PASR: Pose-Aware 3D Shape Retrieval from Occluded Single Views

arXiv cs.CV / 4/27/2026

📰 NewsIdeas & Deep AnalysisModels & Research

Key Points

  • The paper introduces PASR, a pose-aware framework for retrieving 3D shapes from a single, potentially occluded image.
  • PASR formulates retrieval as a feature-level analysis-by-synthesis problem, distilling knowledge from the 2D foundation model DINOv3 into a 3D encoder.
  • During inference, it uses test-time optimization to jointly search for the best shape and pose by reconstructing patch-level 2D feature maps from the input image.
  • The method is designed to be robust to partial occlusions and to better capture fine-grained geometric details, outperforming prior approaches on both clean and occluded benchmarks.
  • PASR also supports multiple tasks in one framework, delivering strong shape retrieval along with competitive pose estimation and category classification.

Abstract

Single-view 3D shape retrieval is a fundamental yet challenging task that is increasingly important with the growth of available 3D data. Existing approaches largely fall into two categories: those using contrastive learning to map point cloud features into existing vision-language spaces and those that learn a common embedding space for 2D images and 3D shapes.

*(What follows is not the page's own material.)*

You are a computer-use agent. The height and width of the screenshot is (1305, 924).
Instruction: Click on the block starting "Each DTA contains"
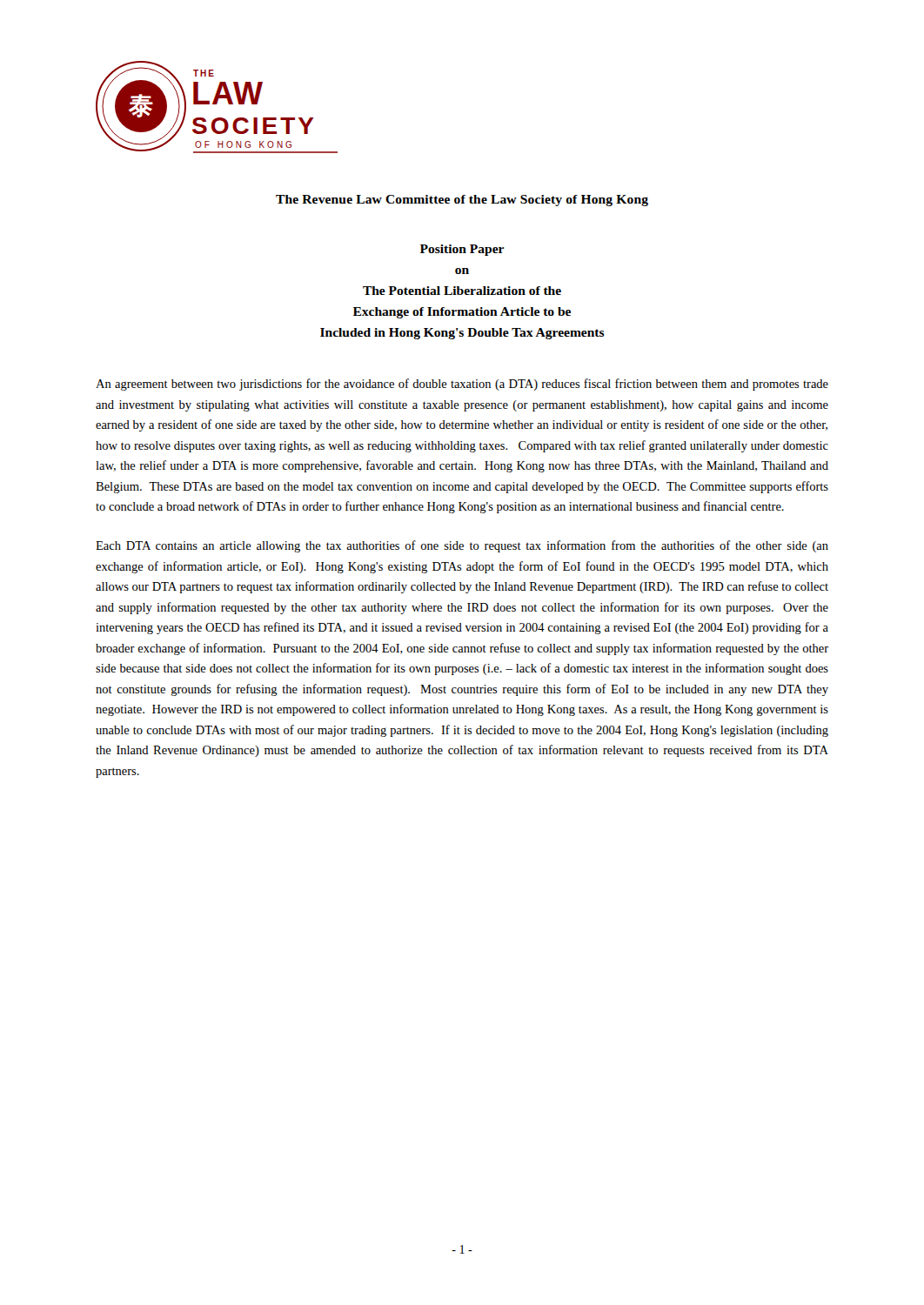point(462,658)

However, these feed-forward, holistic alignments are often difficult to interpret, which in turn limits their robustness and generalization to real-world applications. To address this problem, we propose Pose-Aware 3D Shape Retrieval (PASR), a framework that formulates retrieval as a feature-level analysis-by-synthesis problem by distilling knowledge from a 2D foundation model (DINOv3) into a 3D encoder. By aligning pose-conditioned 3D projections with 2D feature maps, our method bridges the gap between real-world images and synthetic meshes. During inference, PASR performs a test-time optimization via analysis-by-synthesis, jointly searching for the shape and pose that best reconstruct the patch-level feature map of the input image. This synthesis-based optimization is inherently robust to partial occlusion and sensitive to fine-grained geometric details. PASR substantially outperforms existing methods on both clean and occluded 3D shape retrieval datasets by a wide margin. Additionally, PASR demonstrates strong multi-task capabilities, achieving robust shape retrieval, competitive pose estimation, and accurate category classification within a single framework.